> [Items listed in a dataset]:
━━━━━━━━━━━━━━━━

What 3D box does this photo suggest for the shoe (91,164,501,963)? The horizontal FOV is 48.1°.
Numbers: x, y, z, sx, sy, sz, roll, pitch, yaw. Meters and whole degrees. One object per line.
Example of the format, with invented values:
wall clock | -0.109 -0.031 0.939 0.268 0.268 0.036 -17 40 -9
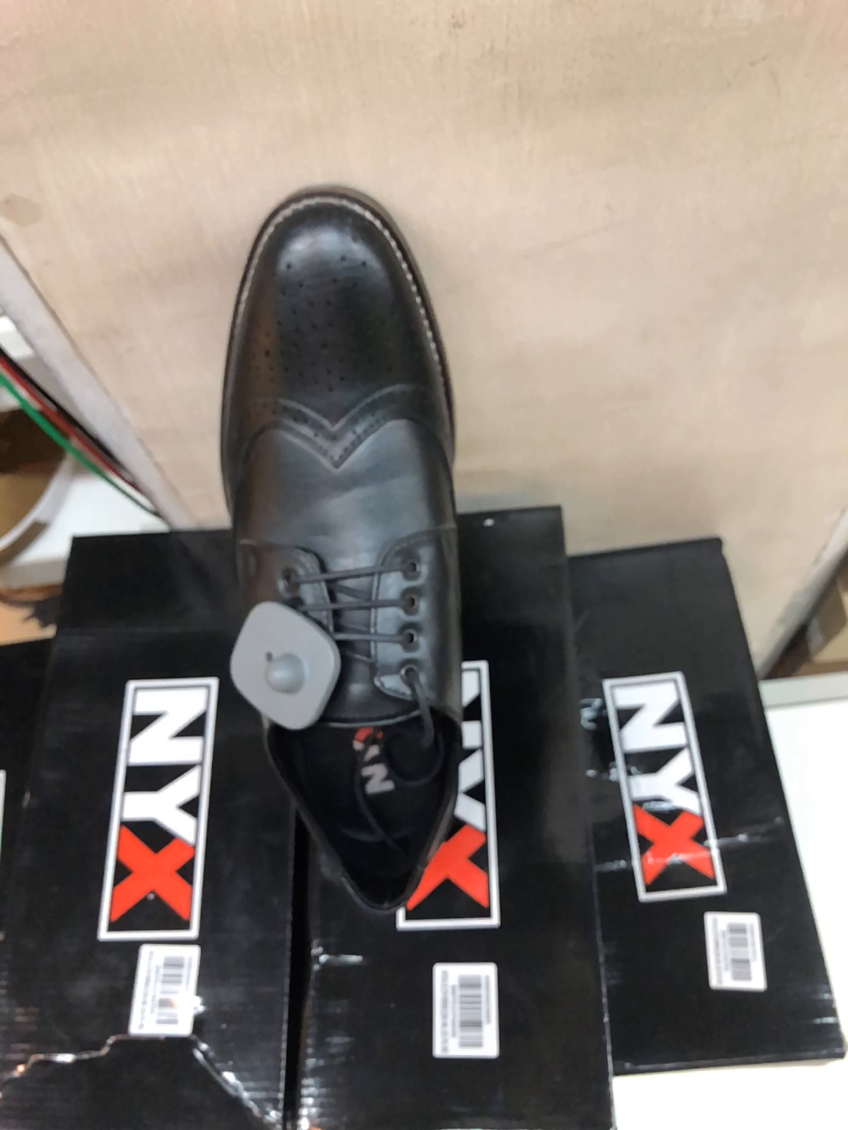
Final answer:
shoe | -0.032 0.004 0.382 0.106 0.296 0.107 -4 23 2
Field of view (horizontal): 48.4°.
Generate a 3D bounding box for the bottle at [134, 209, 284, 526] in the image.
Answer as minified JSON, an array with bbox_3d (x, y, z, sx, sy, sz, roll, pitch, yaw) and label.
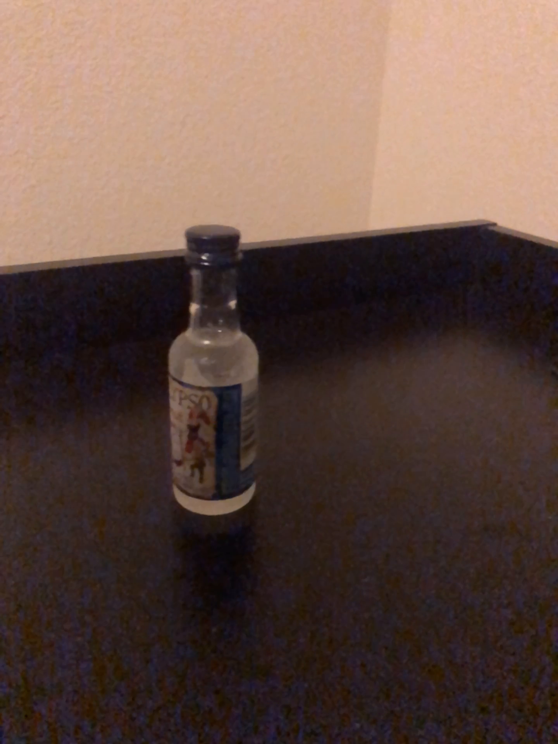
[{"bbox_3d":[-0.026,-0.003,0.227,0.036,0.104,0.040,-12,27,-30],"label":"bottle"}]
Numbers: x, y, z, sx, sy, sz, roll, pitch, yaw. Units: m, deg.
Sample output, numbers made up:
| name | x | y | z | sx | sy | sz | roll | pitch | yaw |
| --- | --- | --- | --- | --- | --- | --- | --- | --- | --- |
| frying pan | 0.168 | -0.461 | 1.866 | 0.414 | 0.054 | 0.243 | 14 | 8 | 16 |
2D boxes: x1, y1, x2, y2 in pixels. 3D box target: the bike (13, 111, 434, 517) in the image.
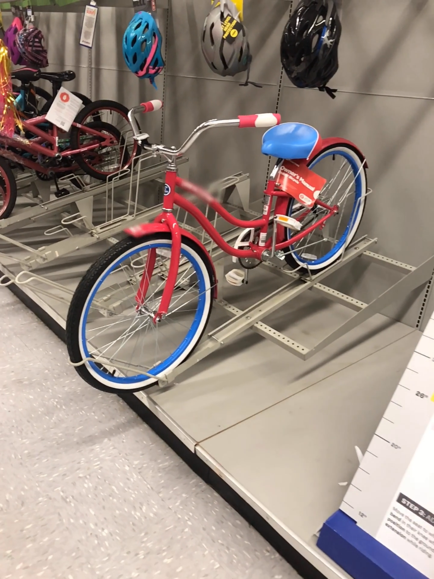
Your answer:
| name | x | y | z | sx | sy | sz | roll | pitch | yaw |
| --- | --- | --- | --- | --- | --- | --- | --- | --- | --- |
| bike | 0.084 | -0.123 | 2.011 | 1.609 | 0.676 | 0.813 | -29 | 39 | -31 |
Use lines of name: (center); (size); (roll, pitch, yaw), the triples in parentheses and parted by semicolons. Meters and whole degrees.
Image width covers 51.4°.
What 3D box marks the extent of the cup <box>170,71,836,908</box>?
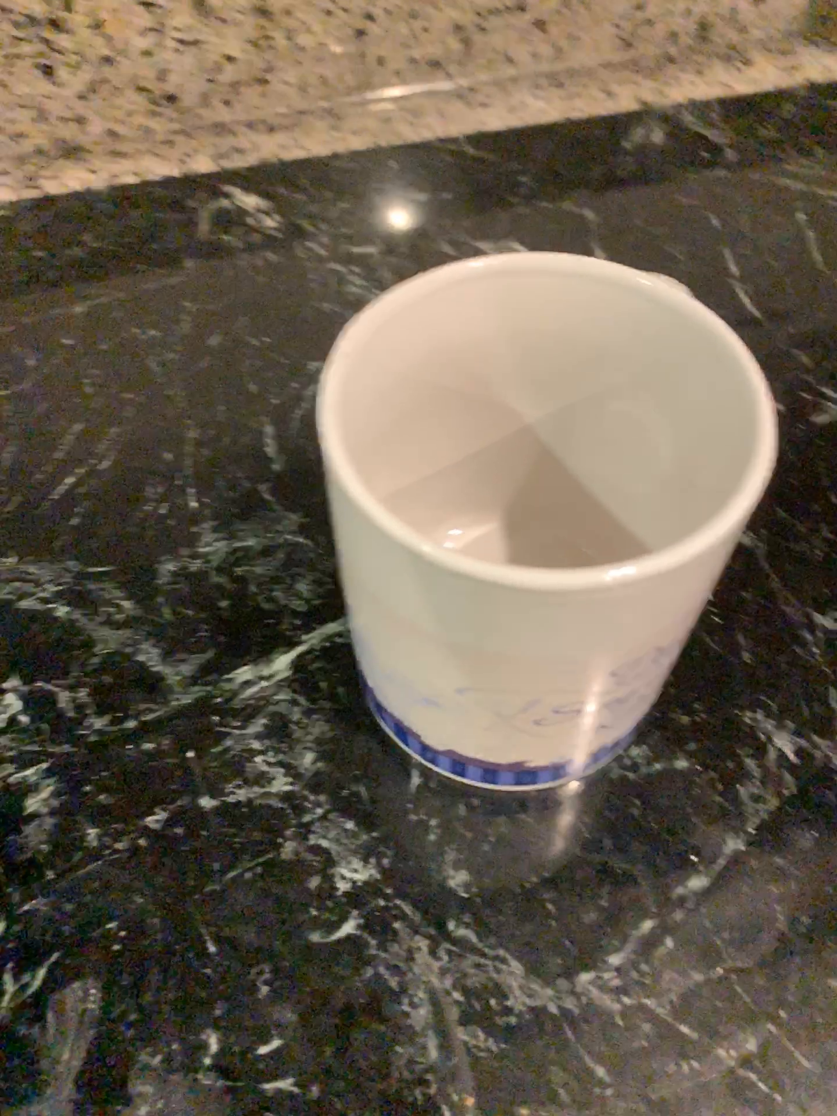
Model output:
cup: (0.035, -0.017, 0.194); (0.090, 0.099, 0.131); (27, 60, 18)
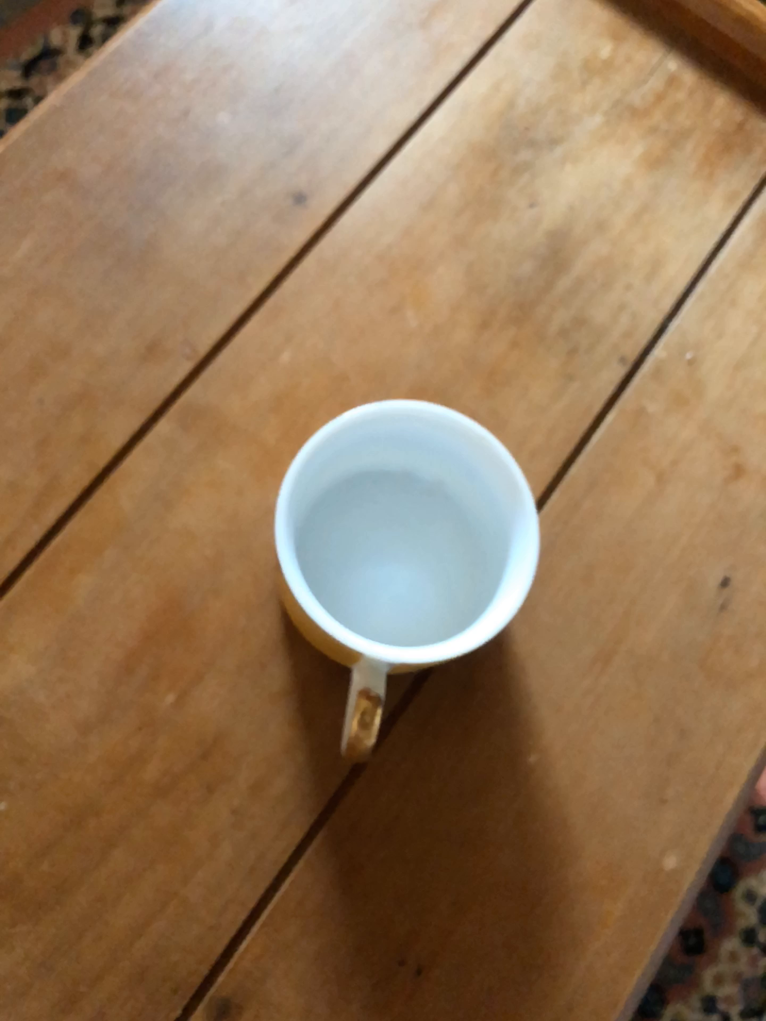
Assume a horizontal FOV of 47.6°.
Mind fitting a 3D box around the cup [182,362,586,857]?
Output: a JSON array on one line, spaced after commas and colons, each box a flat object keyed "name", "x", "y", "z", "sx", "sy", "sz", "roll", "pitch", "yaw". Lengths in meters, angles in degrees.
[{"name": "cup", "x": 0.001, "y": 0.024, "z": 0.199, "sx": 0.070, "sy": 0.050, "sz": 0.090, "roll": 10, "pitch": 74, "yaw": -5}]
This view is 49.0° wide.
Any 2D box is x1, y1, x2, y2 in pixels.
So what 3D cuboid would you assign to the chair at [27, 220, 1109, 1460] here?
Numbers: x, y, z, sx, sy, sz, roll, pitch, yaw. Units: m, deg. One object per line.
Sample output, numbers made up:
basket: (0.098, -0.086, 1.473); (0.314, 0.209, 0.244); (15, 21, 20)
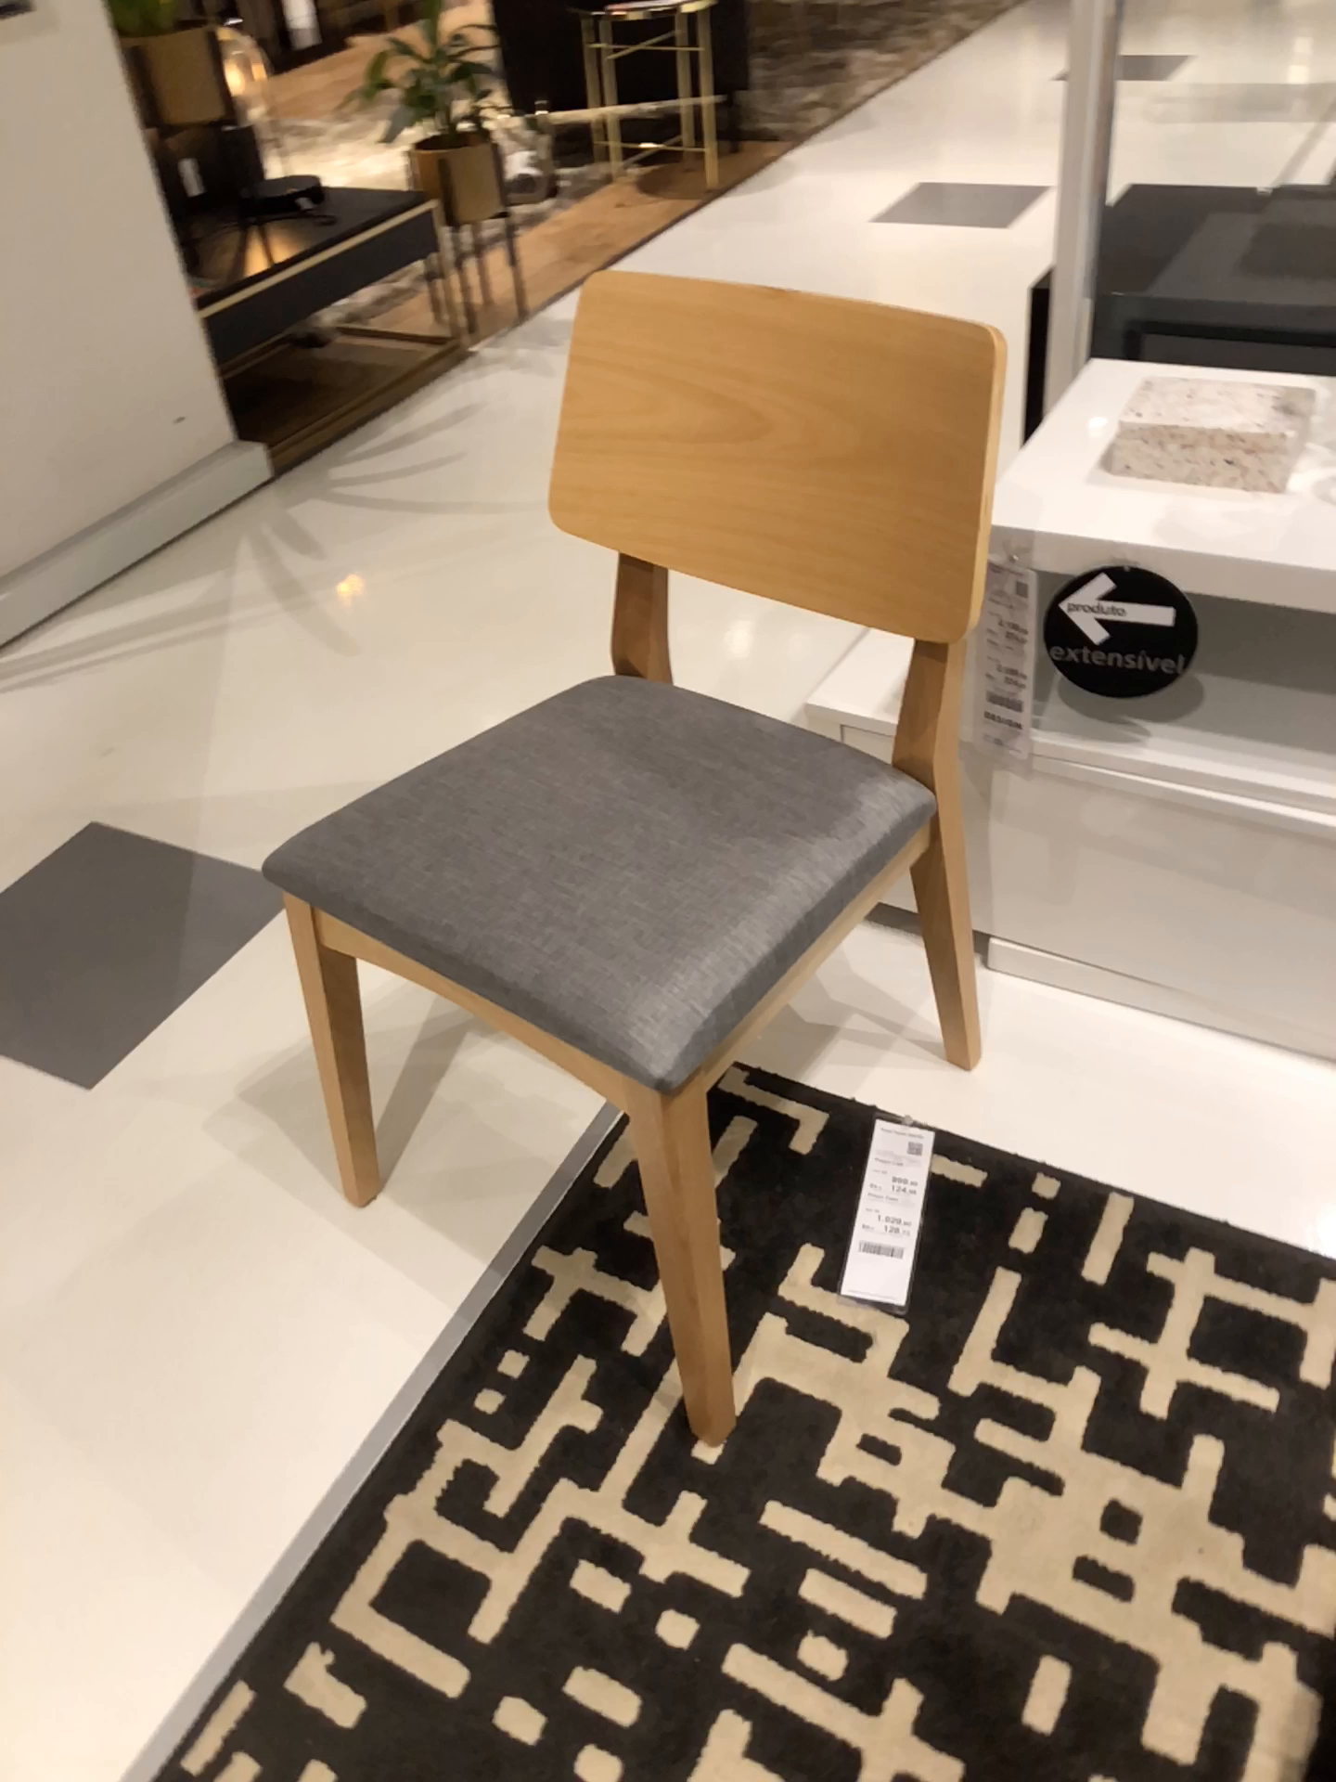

━━━━━━━━━━━━━━━━

Read through the data above. Report each line that has the word "Units".

Numbers: x, y, z, sx, sy, sz, roll, pitch, yaw. Units: m, deg.
Numbers: x, y, z, sx, sy, sz, roll, pitch, yaw. Units: m, deg. One object per line.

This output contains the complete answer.